Task item: An exact copy of the listing below is the answer, with the pictures removed.

Available data:
════

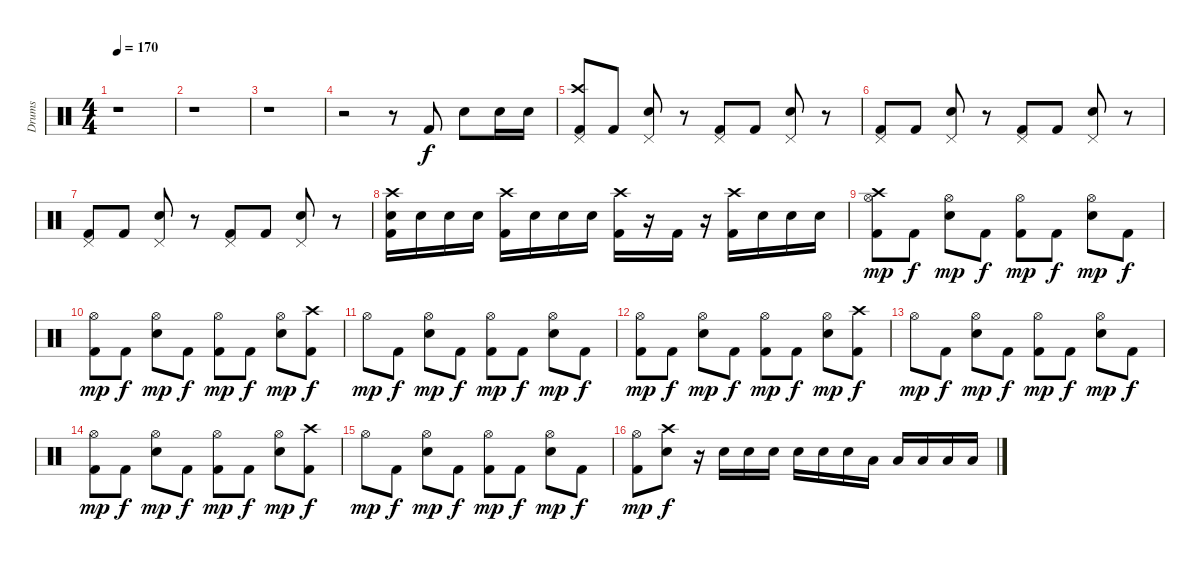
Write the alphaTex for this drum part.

\track ("Drums" "Drums") {instrument percussion}
\staff {score}
\articulation defaults
\ts (4 4)
\tempo 170
\clef neutral
\ks c
r.1{dy f} |
r.1 |
r.1 |
r.2 r.8 "Kick (hit) 2".8 "Electric Snare (hit)".8 "Electric Snare (hit)".16 "Electric Snare (hit)".16 |
("Crash high (hit)" "Pedal Hi-Hat (hit)" "Kick (hit) 2").8 "Kick (hit) 2".8 ("Pedal Hi-Hat (hit)" "Electric Snare (hit)").8 r.8 ("Pedal Hi-Hat (hit)" "Kick (hit) 2").8 "Kick (hit) 2".8 ("Pedal Hi-Hat (hit)" "Electric Snare (hit)").8 r.8 |
("Pedal Hi-Hat (hit)" "Kick (hit) 2").8 "Kick (hit) 2".8 ("Pedal Hi-Hat (hit)" "Electric Snare (hit)").8 r.8 ("Pedal Hi-Hat (hit)" "Kick (hit) 2").8 "Kick (hit) 2".8 ("Pedal Hi-Hat (hit)" "Electric Snare (hit)").8 r.8 |
("Pedal Hi-Hat (hit)" "Kick (hit) 2").8 "Kick (hit) 2".8 ("Pedal Hi-Hat (hit)" "Electric Snare (hit)").8 r.8 ("Pedal Hi-Hat (hit)" "Kick (hit) 2").8 "Kick (hit) 2".8 ("Pedal Hi-Hat (hit)" "Electric Snare (hit)").8 r.8 |
("Crash high (hit)" "Electric Snare (hit)" "Kick (hit) 2").16 "Electric Snare (hit)".16 "Electric Snare (hit)".16 "Electric Snare (hit)".16 ("Crash high (hit)" "Kick (hit) 2").16 "Electric Snare (hit)".16 "Electric Snare (hit)".16 "Electric Snare (hit)".16 ("Crash high (hit)" "Kick (hit) 2").16 r.16 "Kick (hit) 2".16 r.16 ("Crash high (hit)" "Kick (hit) 2").16 "Electric Snare (hit)".16 "Electric Snare (hit)".16 "Electric Snare (hit)".16 |
("Hi-Hat (open)" "Crash high (hit)" "Kick (hit) 2").8{dy mp} "Kick (hit) 2".8{dy f} ("Hi-Hat (open)" "Electric Snare (hit)").8{dy mp} "Kick (hit) 2".8{dy f} ("Hi-Hat (open)" "Kick (hit) 2").8{dy mp} "Kick (hit) 2".8{dy f} ("Hi-Hat (open)" "Electric Snare (hit)").8{dy mp} "Kick (hit) 2".8{dy f} |
("Hi-Hat (open)" "Kick (hit) 2").8{dy mp} "Kick (hit) 2".8{dy f} ("Hi-Hat (open)" "Electric Snare (hit)").8{dy mp} "Kick (hit) 2".8{dy f} ("Hi-Hat (open)" "Kick (hit) 2").8{dy mp} "Kick (hit) 2".8{dy f} ("Hi-Hat (open)" "Electric Snare (hit)").8{dy mp} ("Crash high (hit)" "Kick (hit) 2").8{dy f} |
"Hi-Hat (open)".8{dy mp} "Kick (hit) 2".8{dy f} ("Hi-Hat (open)" "Electric Snare (hit)").8{dy mp} "Kick (hit) 2".8{dy f} ("Hi-Hat (open)" "Kick (hit) 2").8{dy mp} "Kick (hit) 2".8{dy f} ("Hi-Hat (open)" "Electric Snare (hit)").8{dy mp} "Kick (hit) 2".8{dy f} |
("Hi-Hat (open)" "Kick (hit) 2").8{dy mp} "Kick (hit) 2".8{dy f} ("Hi-Hat (open)" "Electric Snare (hit)").8{dy mp} "Kick (hit) 2".8{dy f} ("Hi-Hat (open)" "Kick (hit) 2").8{dy mp} "Kick (hit) 2".8{dy f} ("Hi-Hat (open)" "Electric Snare (hit)").8{dy mp} ("Crash high (hit)" "Kick (hit) 2").8{dy f} |
"Hi-Hat (open)".8{dy mp} "Kick (hit) 2".8{dy f} ("Hi-Hat (open)" "Electric Snare (hit)").8{dy mp} "Kick (hit) 2".8{dy f} ("Hi-Hat (open)" "Kick (hit) 2").8{dy mp} "Kick (hit) 2".8{dy f} ("Hi-Hat (open)" "Electric Snare (hit)").8{dy mp} "Kick (hit) 2".8{dy f} |
("Hi-Hat (open)" "Kick (hit) 2").8{dy mp} "Kick (hit) 2".8{dy f} ("Hi-Hat (open)" "Electric Snare (hit)").8{dy mp} "Kick (hit) 2".8{dy f} ("Hi-Hat (open)" "Kick (hit) 2").8{dy mp} "Kick (hit) 2".8{dy f} ("Hi-Hat (open)" "Electric Snare (hit)").8{dy mp} ("Crash high (hit)" "Kick (hit) 2").8{dy f} |
"Hi-Hat (open)".8{dy mp} "Kick (hit) 2".8{dy f} ("Hi-Hat (open)" "Electric Snare (hit)").8{dy mp} "Kick (hit) 2".8{dy f} ("Hi-Hat (open)" "Kick (hit) 2").8{dy mp} "Kick (hit) 2".8{dy f} ("Hi-Hat (open)" "Electric Snare (hit)").8{dy mp} "Kick (hit) 2".8{dy f} |
("Hi-Hat (open)" "Kick (hit) 2").8{dy mp} ("Crash high (hit)" "Snare (hit) 2").8{dy f} r.16 "Electric Snare (hit)".16 "Electric Snare (hit)".16 "Electric Snare (hit)".16 "Electric Snare (hit)".16 "Electric Snare (hit)".16 "Electric Snare (hit)".16 "Low Floor Tom (hit)".16 "Low Floor Tom (hit)".16 "Low Floor Tom (hit)".16 "Low Floor Tom (hit)".16 "Low Floor Tom (hit)".16

════

Task output:
Write the alphaTex for this drum part.

\track ("Drums" "Drums") {instrument percussion}
\staff {score}
\articulation defaults
\ts (4 4)
\tempo 170
\clef neutral
\ks c
r.1{dy f} |
r.1 |
r.1 |
r.2 r.8 "Kick (hit) 2".8 "Electric Snare (hit)".8 "Electric Snare (hit)".16 "Electric Snare (hit)".16 |
("Crash high (hit)" "Pedal Hi-Hat (hit)" "Kick (hit) 2").8 "Kick (hit) 2".8 ("Pedal Hi-Hat (hit)" "Electric Snare (hit)").8 r.8 ("Pedal Hi-Hat (hit)" "Kick (hit) 2").8 "Kick (hit) 2".8 ("Pedal Hi-Hat (hit)" "Electric Snare (hit)").8 r.8 |
("Pedal Hi-Hat (hit)" "Kick (hit) 2").8 "Kick (hit) 2".8 ("Pedal Hi-Hat (hit)" "Electric Snare (hit)").8 r.8 ("Pedal Hi-Hat (hit)" "Kick (hit) 2").8 "Kick (hit) 2".8 ("Pedal Hi-Hat (hit)" "Electric Snare (hit)").8 r.8 |
("Pedal Hi-Hat (hit)" "Kick (hit) 2").8 "Kick (hit) 2".8 ("Pedal Hi-Hat (hit)" "Electric Snare (hit)").8 r.8 ("Pedal Hi-Hat (hit)" "Kick (hit) 2").8 "Kick (hit) 2".8 ("Pedal Hi-Hat (hit)" "Electric Snare (hit)").8 r.8 |
("Crash high (hit)" "Electric Snare (hit)" "Kick (hit) 2").16 "Electric Snare (hit)".16 "Electric Snare (hit)".16 "Electric Snare (hit)".16 ("Crash high (hit)" "Kick (hit) 2").16 "Electric Snare (hit)".16 "Electric Snare (hit)".16 "Electric Snare (hit)".16 ("Crash high (hit)" "Kick (hit) 2").16 r.16 "Kick (hit) 2".16 r.16 ("Crash high (hit)" "Kick (hit) 2").16 "Electric Snare (hit)".16 "Electric Snare (hit)".16 "Electric Snare (hit)".16 |
("Hi-Hat (open)" "Crash high (hit)" "Kick (hit) 2").8{dy mp} "Kick (hit) 2".8{dy f} ("Hi-Hat (open)" "Electric Snare (hit)").8{dy mp} "Kick (hit) 2".8{dy f} ("Hi-Hat (open)" "Kick (hit) 2").8{dy mp} "Kick (hit) 2".8{dy f} ("Hi-Hat (open)" "Electric Snare (hit)").8{dy mp} "Kick (hit) 2".8{dy f} |
("Hi-Hat (open)" "Kick (hit) 2").8{dy mp} "Kick (hit) 2".8{dy f} ("Hi-Hat (open)" "Electric Snare (hit)").8{dy mp} "Kick (hit) 2".8{dy f} ("Hi-Hat (open)" "Kick (hit) 2").8{dy mp} "Kick (hit) 2".8{dy f} ("Hi-Hat (open)" "Electric Snare (hit)").8{dy mp} ("Crash high (hit)" "Kick (hit) 2").8{dy f} |
"Hi-Hat (open)".8{dy mp} "Kick (hit) 2".8{dy f} ("Hi-Hat (open)" "Electric Snare (hit)").8{dy mp} "Kick (hit) 2".8{dy f} ("Hi-Hat (open)" "Kick (hit) 2").8{dy mp} "Kick (hit) 2".8{dy f} ("Hi-Hat (open)" "Electric Snare (hit)").8{dy mp} "Kick (hit) 2".8{dy f} |
("Hi-Hat (open)" "Kick (hit) 2").8{dy mp} "Kick (hit) 2".8{dy f} ("Hi-Hat (open)" "Electric Snare (hit)").8{dy mp} "Kick (hit) 2".8{dy f} ("Hi-Hat (open)" "Kick (hit) 2").8{dy mp} "Kick (hit) 2".8{dy f} ("Hi-Hat (open)" "Electric Snare (hit)").8{dy mp} ("Crash high (hit)" "Kick (hit) 2").8{dy f} |
"Hi-Hat (open)".8{dy mp} "Kick (hit) 2".8{dy f} ("Hi-Hat (open)" "Electric Snare (hit)").8{dy mp} "Kick (hit) 2".8{dy f} ("Hi-Hat (open)" "Kick (hit) 2").8{dy mp} "Kick (hit) 2".8{dy f} ("Hi-Hat (open)" "Electric Snare (hit)").8{dy mp} "Kick (hit) 2".8{dy f} |
("Hi-Hat (open)" "Kick (hit) 2").8{dy mp} "Kick (hit) 2".8{dy f} ("Hi-Hat (open)" "Electric Snare (hit)").8{dy mp} "Kick (hit) 2".8{dy f} ("Hi-Hat (open)" "Kick (hit) 2").8{dy mp} "Kick (hit) 2".8{dy f} ("Hi-Hat (open)" "Electric Snare (hit)").8{dy mp} ("Crash high (hit)" "Kick (hit) 2").8{dy f} |
"Hi-Hat (open)".8{dy mp} "Kick (hit) 2".8{dy f} ("Hi-Hat (open)" "Electric Snare (hit)").8{dy mp} "Kick (hit) 2".8{dy f} ("Hi-Hat (open)" "Kick (hit) 2").8{dy mp} "Kick (hit) 2".8{dy f} ("Hi-Hat (open)" "Electric Snare (hit)").8{dy mp} "Kick (hit) 2".8{dy f} |
("Hi-Hat (open)" "Kick (hit) 2").8{dy mp} ("Crash high (hit)" "Snare (hit) 2").8{dy f} r.16 "Electric Snare (hit)".16 "Electric Snare (hit)".16 "Electric Snare (hit)".16 "Electric Snare (hit)".16 "Electric Snare (hit)".16 "Electric Snare (hit)".16 "Low Floor Tom (hit)".16 "Low Floor Tom (hit)".16 "Low Floor Tom (hit)".16 "Low Floor Tom (hit)".16 "Low Floor Tom (hit)".16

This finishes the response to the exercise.